Migration, language diversity and
education policy: A contextualized analysis
of inequality, risk and state effects

by James Collins (University at Albany/SUNY)

Working Papers WP 14-09
July 2014
ISSN 2192-2357 (MMG Working Papers Print)

Full text: pdf

No Child Left Behind refers to federal education legislation and implementation programs intended to reconcile the goals of insuring equality while promoting competition in public education in the United States. Immigrant students whose primary languages are other than English are included in the mandate of NCLB, categorized as English Language Learners (ELLs), a category of ‘at-risk’ students. Drawing on case studies of immigrant students in upstate New York, as well as surveys of school district compliance with ESL/Bilingual education requirements, the analysis explores how NCLB and its implementation simultaneously obscure economic differences and polarize ethnolinguistic identities at the school, state, and federal levels. Drawing from ethnographic as well as sociolinguistic data, this study uses the concept of state effects to explore the articulation and re-articulation of ethnoracial and linguistic diversity along axes of poverty and relative privilege.

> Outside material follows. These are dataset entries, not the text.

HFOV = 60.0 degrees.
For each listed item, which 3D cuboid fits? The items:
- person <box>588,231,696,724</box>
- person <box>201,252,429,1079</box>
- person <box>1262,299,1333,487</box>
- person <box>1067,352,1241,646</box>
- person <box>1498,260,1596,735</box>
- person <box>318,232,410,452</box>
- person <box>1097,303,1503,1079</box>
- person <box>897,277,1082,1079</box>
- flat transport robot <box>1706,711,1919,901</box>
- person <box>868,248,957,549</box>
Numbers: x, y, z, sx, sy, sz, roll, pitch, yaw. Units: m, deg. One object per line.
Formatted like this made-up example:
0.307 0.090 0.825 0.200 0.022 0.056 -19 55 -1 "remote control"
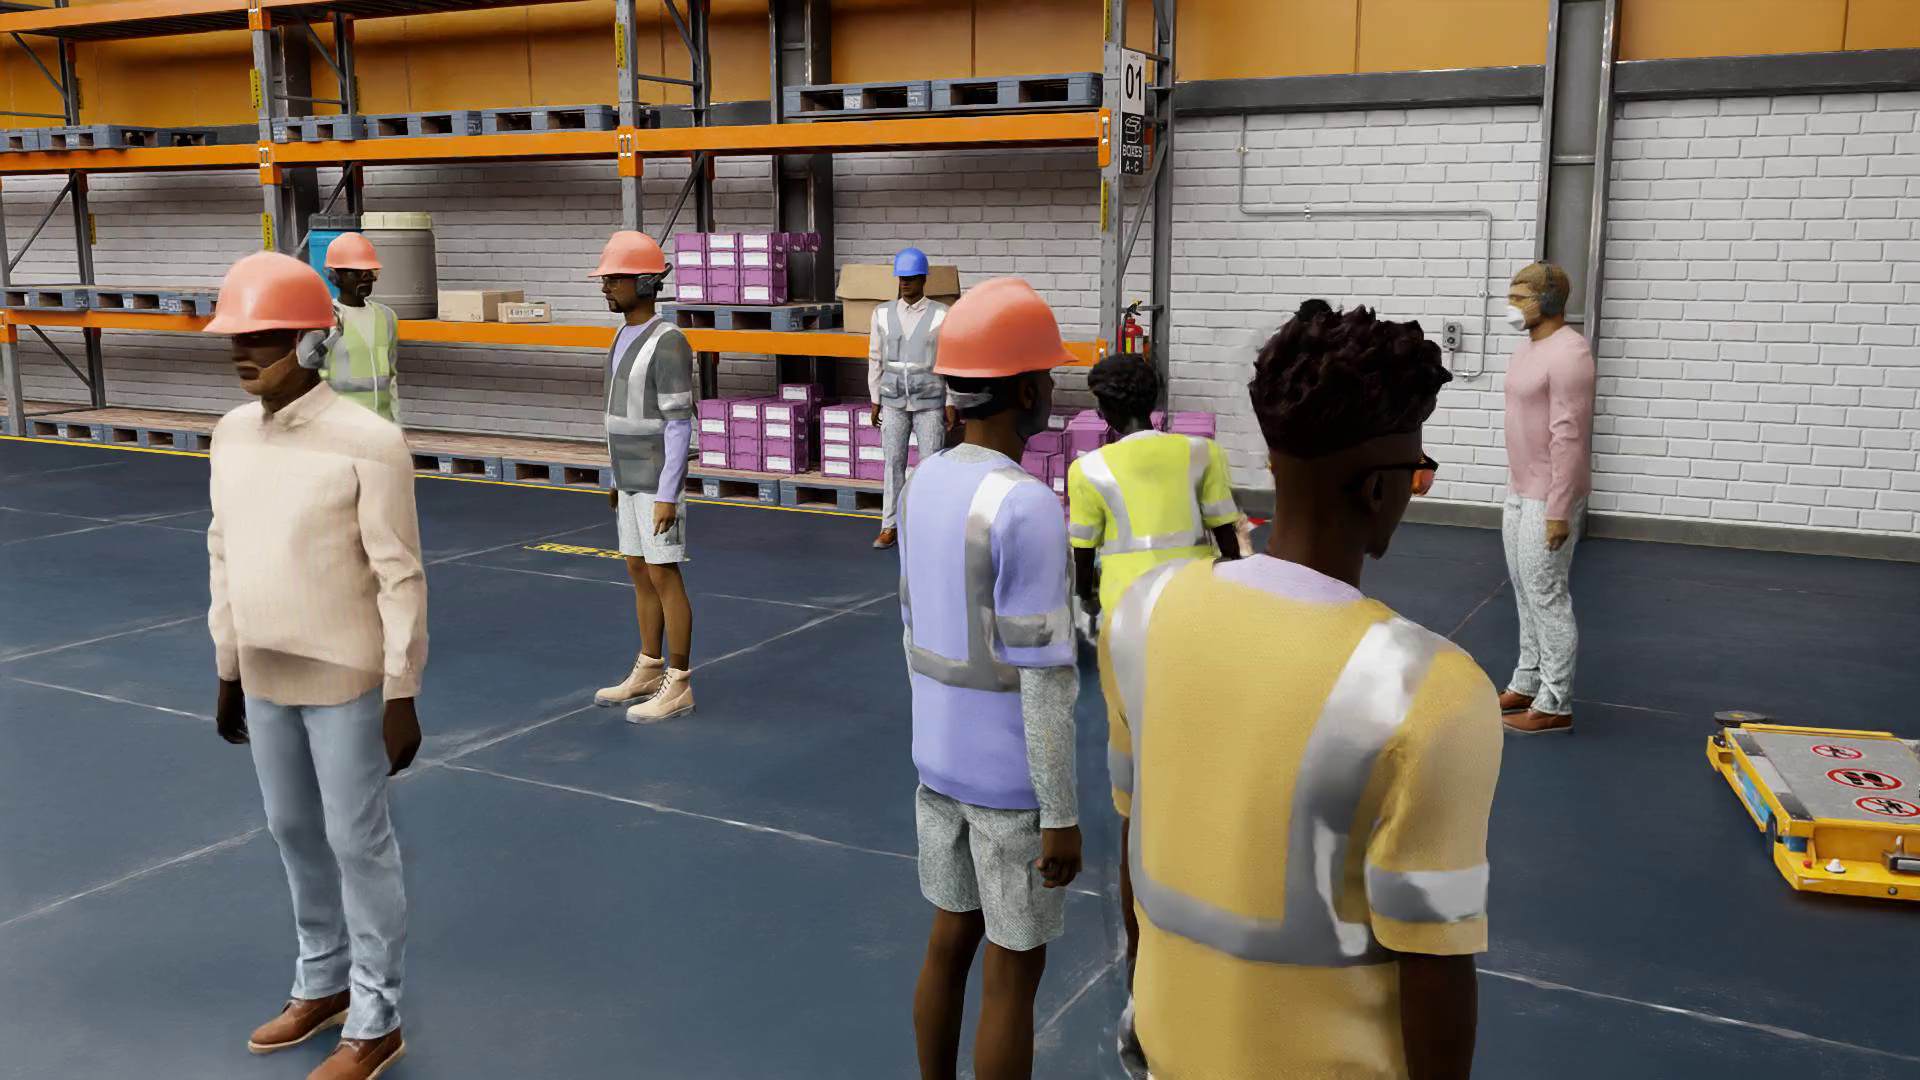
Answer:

It argues that NCLB as enacted across diverse scales constructs social subjects in relation to differences that are obscured or emphasized and produces isolated individual subjects as well as new collective identities.         

James Collins is a Professor of Anthropology and Linguistics at the University at Albany/State University of New York. He has studied issues of language diversity, social inequality, and the politics of language in the United States, Belgium, and South Africa.